1943 All-American Girls Professional Baseball League
Philip K. Wrigley founds the All-American Girls Professional Baseball League to help fill ballparks during wartime. The league lasts until 1954.
(The Rockford Peaches girls’ professional baseball team at the Savanna, Illinois, Ordinance Depot, 1945
Courtesy of National Baseball Hall of Fame Library)
1946 Robinson Breaks Color Barrier
Jackie Robinson breaks the minor league color barrier when he debuts with the Montreal Royals, a Brooklyn Dodgers farm club, on April 18.

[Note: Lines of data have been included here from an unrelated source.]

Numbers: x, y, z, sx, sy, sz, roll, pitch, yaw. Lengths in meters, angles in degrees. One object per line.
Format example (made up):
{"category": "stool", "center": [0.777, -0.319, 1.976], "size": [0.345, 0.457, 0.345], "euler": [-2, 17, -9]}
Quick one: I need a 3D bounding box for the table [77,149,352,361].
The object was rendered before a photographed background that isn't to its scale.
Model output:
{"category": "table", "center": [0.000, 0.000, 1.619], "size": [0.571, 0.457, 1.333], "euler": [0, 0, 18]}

(Jackie Robinson slides into base as a minor-leaguer with Montreal, 1946
Courtesy of the Photographs and Prints Division, The Schomburg Center
for Research in Black Culture, The New York Public Library)
SECTION 5
Jackie Robinson Breaks the Barrier – 1947
Jackie Robinson’s #42 Brooklyn Dodgers jersey
from the final year of his career, 1956
Photo by Milo Stewart, Jr./National Baseball Hall of Fame and Museum
Bat from Jackie Robinson’s 10-year major league career
Photo by Milo Stewart, Jr./National Baseball Hall of Fame and Museum
Glove from Jackie Robinson’s 10-year major league career
From the Barry Halper Collection
Photo by Milo Stewart, Jr./National Baseball Hall of Fame and Museum
As World War II ended, many African Americans believed that “separate but equal” could no longer be tolerated because while much was separate, little was equal. Highly decorated black regiments helped foster the pride and impetus that demanded change in all parts of American life. Following the death of commissioner Kenesaw Mountain Landis, Brooklyn Dodgers president Branch Rickey and Jackie Robinson took the lead in testing America’s tolerance for integrated baseball. Under pressure, the major and minor leagues began to desegregate, but slowly and on their own terms.
Jack the Soldier
Jackie Robinson served in the Army during World War II. Like many African Americans, he felt it was a war to end prejudice as well as a war for democracy. Black soldiers served in segregated units until after the war. Many were highly decorated for their service, and their example helped highlight their right to full participation as citizens when peace came in 1945. Having been in the service made Robinson somewhat older than the usual baseball recruit, but it was an important part of his past for Branch Rickey and baseball fans.